Start of DATA EXCERPTS

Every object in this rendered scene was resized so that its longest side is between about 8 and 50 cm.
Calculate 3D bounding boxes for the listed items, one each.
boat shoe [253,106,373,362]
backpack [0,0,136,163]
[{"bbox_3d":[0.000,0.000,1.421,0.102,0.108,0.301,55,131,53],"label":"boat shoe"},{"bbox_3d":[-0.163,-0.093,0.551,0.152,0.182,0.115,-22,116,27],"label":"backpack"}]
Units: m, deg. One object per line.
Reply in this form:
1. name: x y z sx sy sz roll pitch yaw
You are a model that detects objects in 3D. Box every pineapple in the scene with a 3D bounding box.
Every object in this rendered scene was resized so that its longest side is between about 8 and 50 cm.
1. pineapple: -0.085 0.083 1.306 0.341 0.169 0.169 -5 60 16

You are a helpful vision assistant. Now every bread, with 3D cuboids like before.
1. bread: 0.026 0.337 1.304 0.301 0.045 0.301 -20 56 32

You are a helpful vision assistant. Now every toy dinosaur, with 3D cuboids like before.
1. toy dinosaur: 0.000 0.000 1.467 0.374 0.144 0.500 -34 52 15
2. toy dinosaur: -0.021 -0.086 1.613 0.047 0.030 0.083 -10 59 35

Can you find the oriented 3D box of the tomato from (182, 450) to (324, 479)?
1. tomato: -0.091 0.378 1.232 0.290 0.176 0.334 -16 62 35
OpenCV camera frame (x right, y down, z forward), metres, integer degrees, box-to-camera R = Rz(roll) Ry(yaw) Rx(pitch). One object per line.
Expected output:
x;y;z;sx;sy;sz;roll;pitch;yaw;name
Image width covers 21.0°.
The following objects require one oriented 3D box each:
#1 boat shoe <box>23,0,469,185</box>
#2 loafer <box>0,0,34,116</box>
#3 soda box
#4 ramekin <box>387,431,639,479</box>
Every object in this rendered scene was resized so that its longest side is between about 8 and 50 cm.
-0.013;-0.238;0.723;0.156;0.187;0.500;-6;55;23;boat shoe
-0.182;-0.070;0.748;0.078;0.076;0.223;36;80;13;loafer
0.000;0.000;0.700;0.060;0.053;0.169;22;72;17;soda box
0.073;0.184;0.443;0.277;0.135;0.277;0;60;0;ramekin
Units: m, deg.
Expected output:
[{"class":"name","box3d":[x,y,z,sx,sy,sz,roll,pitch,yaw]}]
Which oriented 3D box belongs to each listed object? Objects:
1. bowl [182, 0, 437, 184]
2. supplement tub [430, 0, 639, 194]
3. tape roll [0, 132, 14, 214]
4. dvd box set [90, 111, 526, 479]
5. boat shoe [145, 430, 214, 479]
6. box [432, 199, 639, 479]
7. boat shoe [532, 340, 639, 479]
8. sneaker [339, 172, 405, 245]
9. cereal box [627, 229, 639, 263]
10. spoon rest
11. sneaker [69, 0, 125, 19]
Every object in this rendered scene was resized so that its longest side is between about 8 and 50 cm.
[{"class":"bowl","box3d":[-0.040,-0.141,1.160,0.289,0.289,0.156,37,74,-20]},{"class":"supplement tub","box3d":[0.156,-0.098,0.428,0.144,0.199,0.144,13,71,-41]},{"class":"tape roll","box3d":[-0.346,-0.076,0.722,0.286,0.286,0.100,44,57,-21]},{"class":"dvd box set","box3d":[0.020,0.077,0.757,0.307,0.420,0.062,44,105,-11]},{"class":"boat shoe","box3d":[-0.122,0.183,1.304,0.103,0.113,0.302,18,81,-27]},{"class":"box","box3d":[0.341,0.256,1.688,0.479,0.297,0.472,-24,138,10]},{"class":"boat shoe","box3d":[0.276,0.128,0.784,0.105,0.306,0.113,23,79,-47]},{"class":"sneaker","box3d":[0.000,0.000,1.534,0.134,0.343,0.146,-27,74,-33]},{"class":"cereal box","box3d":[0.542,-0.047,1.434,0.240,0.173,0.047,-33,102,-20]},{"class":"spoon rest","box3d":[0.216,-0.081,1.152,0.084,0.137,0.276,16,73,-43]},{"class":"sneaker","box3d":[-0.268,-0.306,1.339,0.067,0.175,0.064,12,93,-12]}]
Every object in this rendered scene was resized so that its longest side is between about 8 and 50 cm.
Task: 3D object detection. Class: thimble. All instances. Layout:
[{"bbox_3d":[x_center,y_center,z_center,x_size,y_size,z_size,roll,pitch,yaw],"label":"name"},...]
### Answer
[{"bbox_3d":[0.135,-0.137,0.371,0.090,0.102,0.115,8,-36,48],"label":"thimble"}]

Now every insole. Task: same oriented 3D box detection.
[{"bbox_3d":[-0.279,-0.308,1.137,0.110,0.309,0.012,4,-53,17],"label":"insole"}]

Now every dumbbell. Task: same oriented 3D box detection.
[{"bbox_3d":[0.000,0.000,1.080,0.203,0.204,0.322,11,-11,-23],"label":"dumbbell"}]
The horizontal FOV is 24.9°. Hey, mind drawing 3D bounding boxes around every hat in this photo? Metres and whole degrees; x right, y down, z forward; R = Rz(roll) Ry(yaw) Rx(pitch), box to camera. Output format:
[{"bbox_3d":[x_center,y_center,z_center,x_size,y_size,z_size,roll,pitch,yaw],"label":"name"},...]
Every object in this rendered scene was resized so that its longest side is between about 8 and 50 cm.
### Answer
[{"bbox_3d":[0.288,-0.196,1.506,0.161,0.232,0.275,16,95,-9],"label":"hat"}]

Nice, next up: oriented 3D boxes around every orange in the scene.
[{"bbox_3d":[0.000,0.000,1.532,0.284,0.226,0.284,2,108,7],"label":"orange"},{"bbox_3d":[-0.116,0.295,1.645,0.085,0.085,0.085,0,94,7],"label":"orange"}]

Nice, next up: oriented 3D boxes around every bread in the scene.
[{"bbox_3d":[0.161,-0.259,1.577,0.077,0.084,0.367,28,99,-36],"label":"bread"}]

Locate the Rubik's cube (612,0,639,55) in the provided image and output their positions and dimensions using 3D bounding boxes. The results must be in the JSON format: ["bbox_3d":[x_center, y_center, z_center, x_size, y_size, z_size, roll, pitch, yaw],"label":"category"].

End of DATA EXCERPTS

--- DIRECTIONS FOR THIS TASK ---
Word for word, extract all the records.

--- EXERCISE SOLUTION ---
Every object in this rendered scene was resized so that its longest side is between about 8 and 50 cm.
Calculate 3D bounding boxes for the listed items, one each.
boat shoe [253,106,373,362]
backpack [0,0,136,163]
[{"bbox_3d":[0.000,0.000,1.421,0.102,0.108,0.301,55,131,53],"label":"boat shoe"},{"bbox_3d":[-0.163,-0.093,0.551,0.152,0.182,0.115,-22,116,27],"label":"backpack"}]
Units: m, deg. One object per line.
Reply in this form:
1. name: x y z sx sy sz roll pitch yaw
You are a model that detects objects in 3D. Box every pineapple in the scene with a 3D bounding box.
Every object in this rendered scene was resized so that its longest side is between about 8 and 50 cm.
1. pineapple: -0.085 0.083 1.306 0.341 0.169 0.169 -5 60 16

You are a helpful vision assistant. Now every bread, with 3D cuboids like before.
1. bread: 0.026 0.337 1.304 0.301 0.045 0.301 -20 56 32

You are a helpful vision assistant. Now every toy dinosaur, with 3D cuboids like before.
1. toy dinosaur: 0.000 0.000 1.467 0.374 0.144 0.500 -34 52 15
2. toy dinosaur: -0.021 -0.086 1.613 0.047 0.030 0.083 -10 59 35

Can you find the oriented 3D box of the tomato from (182, 450) to (324, 479)?
1. tomato: -0.091 0.378 1.232 0.290 0.176 0.334 -16 62 35
OpenCV camera frame (x right, y down, z forward), metres, integer degrees, box-to-camera R = Rz(roll) Ry(yaw) Rx(pitch). One object per line.
Expected output:
x;y;z;sx;sy;sz;roll;pitch;yaw;name
Image width covers 21.0°.
The following objects require one oriented 3D box each:
#1 boat shoe <box>23,0,469,185</box>
#2 loafer <box>0,0,34,116</box>
#3 soda box
#4 ramekin <box>387,431,639,479</box>
Every object in this rendered scene was resized so that its longest side is between about 8 and 50 cm.
-0.013;-0.238;0.723;0.156;0.187;0.500;-6;55;23;boat shoe
-0.182;-0.070;0.748;0.078;0.076;0.223;36;80;13;loafer
0.000;0.000;0.700;0.060;0.053;0.169;22;72;17;soda box
0.073;0.184;0.443;0.277;0.135;0.277;0;60;0;ramekin
Units: m, deg.
Expected output:
[{"class":"name","box3d":[x,y,z,sx,sy,sz,roll,pitch,yaw]}]
Which oriented 3D box belongs to each listed object? Objects:
1. bowl [182, 0, 437, 184]
2. supplement tub [430, 0, 639, 194]
3. tape roll [0, 132, 14, 214]
4. dvd box set [90, 111, 526, 479]
5. boat shoe [145, 430, 214, 479]
6. box [432, 199, 639, 479]
7. boat shoe [532, 340, 639, 479]
8. sneaker [339, 172, 405, 245]
9. cereal box [627, 229, 639, 263]
10. spoon rest
11. sneaker [69, 0, 125, 19]
Every object in this rendered scene was resized so that its longest side is between about 8 and 50 cm.
[{"class":"bowl","box3d":[-0.040,-0.141,1.160,0.289,0.289,0.156,37,74,-20]},{"class":"supplement tub","box3d":[0.156,-0.098,0.428,0.144,0.199,0.144,13,71,-41]},{"class":"tape roll","box3d":[-0.346,-0.076,0.722,0.286,0.286,0.100,44,57,-21]},{"class":"dvd box set","box3d":[0.020,0.077,0.757,0.307,0.420,0.062,44,105,-11]},{"class":"boat shoe","box3d":[-0.122,0.183,1.304,0.103,0.113,0.302,18,81,-27]},{"class":"box","box3d":[0.341,0.256,1.688,0.479,0.297,0.472,-24,138,10]},{"class":"boat shoe","box3d":[0.276,0.128,0.784,0.105,0.306,0.113,23,79,-47]},{"class":"sneaker","box3d":[0.000,0.000,1.534,0.134,0.343,0.146,-27,74,-33]},{"class":"cereal box","box3d":[0.542,-0.047,1.434,0.240,0.173,0.047,-33,102,-20]},{"class":"spoon rest","box3d":[0.216,-0.081,1.152,0.084,0.137,0.276,16,73,-43]},{"class":"sneaker","box3d":[-0.268,-0.306,1.339,0.067,0.175,0.064,12,93,-12]}]
Every object in this rendered scene was resized so that its longest side is between about 8 and 50 cm.
Task: 3D object detection. Class: thimble. All instances. Layout:
[{"bbox_3d":[x_center,y_center,z_center,x_size,y_size,z_size,roll,pitch,yaw],"label":"name"},...]
### Answer
[{"bbox_3d":[0.135,-0.137,0.371,0.090,0.102,0.115,8,-36,48],"label":"thimble"}]

Now every insole. Task: same oriented 3D box detection.
[{"bbox_3d":[-0.279,-0.308,1.137,0.110,0.309,0.012,4,-53,17],"label":"insole"}]

Now every dumbbell. Task: same oriented 3D box detection.
[{"bbox_3d":[0.000,0.000,1.080,0.203,0.204,0.322,11,-11,-23],"label":"dumbbell"}]
The horizontal FOV is 24.9°. Hey, mind drawing 3D bounding boxes around every hat in this photo? Metres and whole degrees; x right, y down, z forward; R = Rz(roll) Ry(yaw) Rx(pitch), box to camera. Output format:
[{"bbox_3d":[x_center,y_center,z_center,x_size,y_size,z_size,roll,pitch,yaw],"label":"name"},...]
Every object in this rendered scene was resized so that its longest side is between about 8 and 50 cm.
### Answer
[{"bbox_3d":[0.288,-0.196,1.506,0.161,0.232,0.275,16,95,-9],"label":"hat"}]

Nice, next up: oriented 3D boxes around every orange in the scene.
[{"bbox_3d":[0.000,0.000,1.532,0.284,0.226,0.284,2,108,7],"label":"orange"},{"bbox_3d":[-0.116,0.295,1.645,0.085,0.085,0.085,0,94,7],"label":"orange"}]

Nice, next up: oriented 3D boxes around every bread in the scene.
[{"bbox_3d":[0.161,-0.259,1.577,0.077,0.084,0.367,28,99,-36],"label":"bread"}]

Locate the Rubik's cube (612,0,639,55) in the provided image and output their positions and dimensions using 3D bounding boxes. The results must be in the JSON format: ["bbox_3d":[x_center, y_center, z_center, x_size, y_size, z_size, roll, pitch, yaw],"label":"category"].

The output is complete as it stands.